Fixed effects in nonlinear model

fixed_factors.R (2.2 KB)
Dear friends - I simulated some data to represent actual experimental data on 3 groups of rats on which double exponential decay of a tracer is modelled. With your help I got a fine fit with Rhat values = 1 as long as I only modled one population. Doing all three together as shown below was more problematic. Rhat still being 1 pp_check had an unreproduced large central peak. And for the three groups fitted values didn’t match the original data too well except for the controls. I noticed that it didn’t matter if I had specified as below or as A + B + g1 + g2 ~ TRT. So I wonder how I happened to miss-specify the fixed effects of TRT
fit4 <- brm(bf(YY ~ A * exp( - g1 * TT/1000)+B * exp( -g2 * TT/1000),
A + B + g1 + g2 ~ 1+TRT,nl=TRUE, sigma ~ TRT),data=dats,cores=4,prior = prior1,chains=4,control = list(adapt_delta = 0.8,max_treedepth = 10),iter = 2000)

I uploaded the simulation and the model code for plots

Best wishes

I’m just going back now and picking up unanswered questions. This one might be better tagged a brms question (I assume that’s what the brm is doing). I think they have their own message board, but Paul sometimes answers questions here.

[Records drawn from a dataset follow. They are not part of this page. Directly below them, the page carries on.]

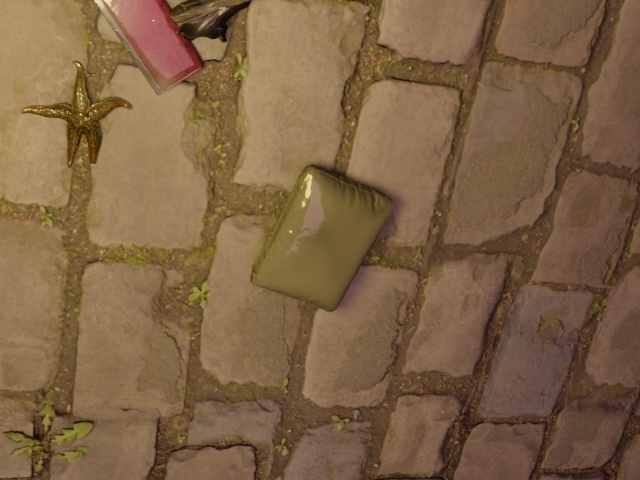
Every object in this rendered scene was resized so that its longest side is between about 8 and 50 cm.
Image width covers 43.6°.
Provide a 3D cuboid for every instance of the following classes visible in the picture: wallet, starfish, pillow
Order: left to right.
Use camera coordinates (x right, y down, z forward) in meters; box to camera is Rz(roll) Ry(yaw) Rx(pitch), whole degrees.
[{"bbox_3d":[-0.500,-0.254,1.644,0.216,0.050,0.223,0,111,-8],"label":"starfish"},{"bbox_3d":[-0.343,-0.419,1.612,0.119,0.025,0.232,-31,120,1],"label":"wallet"},{"bbox_3d":[0.000,0.000,1.865,0.255,0.120,0.322,20,106,-26],"label":"pillow"}]

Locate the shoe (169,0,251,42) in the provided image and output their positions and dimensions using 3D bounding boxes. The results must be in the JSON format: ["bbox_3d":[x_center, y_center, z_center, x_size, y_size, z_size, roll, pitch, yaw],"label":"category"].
[{"bbox_3d":[-0.213,-0.445,1.616,0.169,0.071,0.099,-21,127,-7],"label":"shoe"}]

Thanks a lot - it appeared that the model was very sensititive to the prior specification - I still struggle to understand how one specification produces “perfect” reproduction of measured values and posterior checks but the increasing the support in gaussian priors makes the model run wildely astray - so even in spite of bayesianR2 > 0.998 I’m uncertain I have really captured the whole relevant space. Will continue in the suggested forum - even if the issue may be general. Thanks a lot!

Some general comments:

  • I usually try to have all model parameters in a similar scale to ease sampling, such as avoiding one parameter to go in the 100s and another one close to 0. So try to re-scale your equations to that.

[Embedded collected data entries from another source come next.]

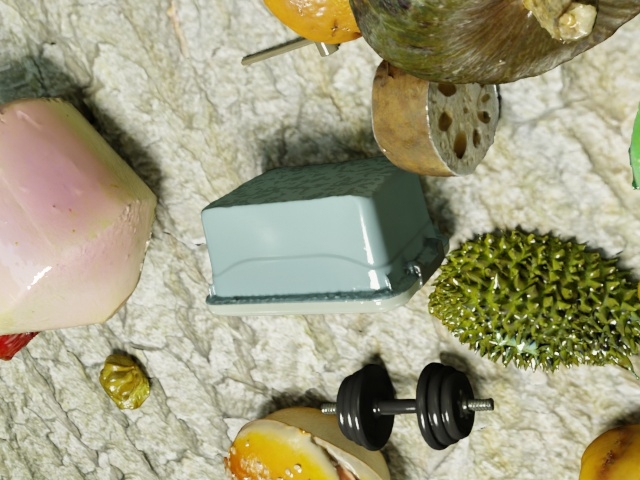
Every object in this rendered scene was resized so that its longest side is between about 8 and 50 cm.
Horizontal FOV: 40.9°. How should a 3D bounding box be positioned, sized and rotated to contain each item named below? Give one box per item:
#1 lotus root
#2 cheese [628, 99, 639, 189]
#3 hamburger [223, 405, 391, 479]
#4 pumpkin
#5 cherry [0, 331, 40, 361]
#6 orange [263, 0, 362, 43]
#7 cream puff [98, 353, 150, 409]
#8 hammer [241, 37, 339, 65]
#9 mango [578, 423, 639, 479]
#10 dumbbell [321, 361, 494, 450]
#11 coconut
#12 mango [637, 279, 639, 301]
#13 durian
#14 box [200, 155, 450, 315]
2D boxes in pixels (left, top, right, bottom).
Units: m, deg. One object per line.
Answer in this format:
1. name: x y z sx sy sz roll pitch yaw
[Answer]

  • I am a bit puzzled as to how the model can deal with having the same variables (TT) appearing twice in the regression formula, I never worked with double decay exponential model before but it looks strange to me, maybe re-parametrizing the model to have TT appearing only once on the right-hand side of the equation would help.

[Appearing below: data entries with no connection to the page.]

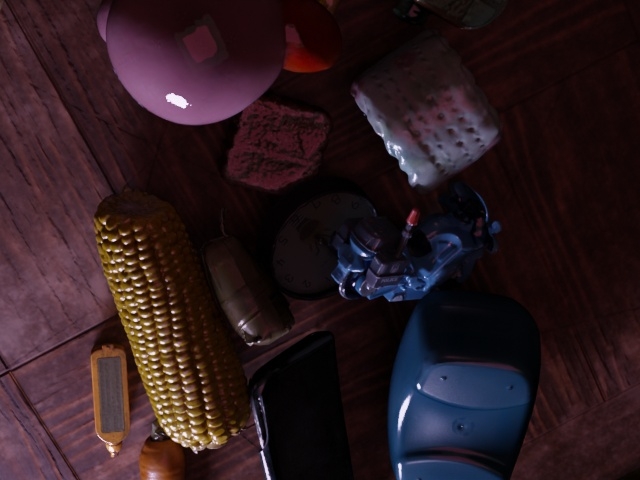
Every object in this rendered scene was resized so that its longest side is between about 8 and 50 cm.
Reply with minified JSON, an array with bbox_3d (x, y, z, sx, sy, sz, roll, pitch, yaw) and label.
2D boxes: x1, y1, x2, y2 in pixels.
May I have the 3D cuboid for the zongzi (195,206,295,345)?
[{"bbox_3d":[-0.116,0.059,1.794,0.081,0.178,0.189,-31,90,-11],"label":"zongzi"}]

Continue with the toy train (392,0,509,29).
[{"bbox_3d":[0.212,-0.416,1.701,0.159,0.129,0.326,25,100,-24],"label":"toy train"}]

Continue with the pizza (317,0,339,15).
[{"bbox_3d":[-0.040,-0.320,1.721,0.178,0.041,0.131,-41,109,3],"label":"pizza"}]

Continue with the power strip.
[{"bbox_3d":[-0.296,0.225,1.850,0.049,0.028,0.178,-4,108,-11],"label":"power strip"}]

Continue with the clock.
[{"bbox_3d":[0.000,0.000,1.799,0.184,0.040,0.184,-17,128,-23],"label":"clock"}]

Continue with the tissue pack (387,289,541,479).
[{"bbox_3d":[0.197,0.207,1.845,0.198,0.206,0.287,6,124,-1],"label":"tissue pack"}]

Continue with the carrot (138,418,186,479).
[{"bbox_3d":[-0.222,0.407,1.909,0.069,0.069,0.336,-6,112,-10],"label":"carrot"}]

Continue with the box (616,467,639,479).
[{"bbox_3d":[0.684,0.495,2.090,0.373,0.138,0.420,-28,112,-3],"label":"box"}]

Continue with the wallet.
[{"bbox_3d":[-0.020,0.305,1.887,0.172,0.045,0.318,-31,119,-44],"label":"wallet"}]

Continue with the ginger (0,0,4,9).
[{"bbox_3d":[-0.488,-0.342,1.602,0.213,0.074,0.137,27,91,-23],"label":"ginger"}]

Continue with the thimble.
[{"bbox_3d":[0.147,-0.165,1.737,0.149,0.185,0.211,-35,139,6],"label":"thimble"}]

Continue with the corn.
[{"bbox_3d":[-0.196,0.115,1.776,0.144,0.144,0.387,-18,112,-6],"label":"corn"}]

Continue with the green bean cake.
[{"bbox_3d":[-0.063,-0.129,1.770,0.135,0.056,0.136,13,104,-18],"label":"green bean cake"}]

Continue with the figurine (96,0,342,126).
[{"bbox_3d":[-0.141,-0.261,1.604,0.261,0.211,0.270,-32,105,11],"label":"figurine"}]

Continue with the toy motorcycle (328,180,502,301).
[{"bbox_3d":[0.139,0.006,1.797,0.272,0.123,0.182,-4,129,-41],"label":"toy motorcycle"}]

  • The prior you set on some parameters are super tight, like normal(275,2), this is a very constrained one. Have a look at curve(dnorm(x,275,2),from=250,to=300) to get an idea.

  • In the model you set the residual variation to depend on TRT, but in your simulation process the residual variation depend on the non-linear predictor, line 19 of your code is:

    Y <- Y + rnorm(60,0,0.5*sqrt(Y))

    Maybe this need to be fixed …

Thank you very much!!! - yes I can see I have to rescale, and also to put much broader priors to make sure to have the fitting running - but these are intracate individually and in combination even more. The model is over time - I should have made it clear that TT was time - the double exponential decay is old school model in pharmacokinetics to model first order distribution and elimination - in medical school we were taught “curve peeling” in which in a semilogarithmic plot the individual components could be separated if they had sufficiently different rate constants. I just hoped that using brute force in brms/stan I could write up directly the relationship and identify the parameters. Not so easy. As for the residual variation I can see it was not a good idea and have made gaussian errors.
With quite a bit of fiddling around I have managed to fit the actual experimental data very well in a hierarchical mixed model with treatments as fixed effects and random effects corresponding to each of the four parameters corresponding to each rat - but it appears to be quite fragile.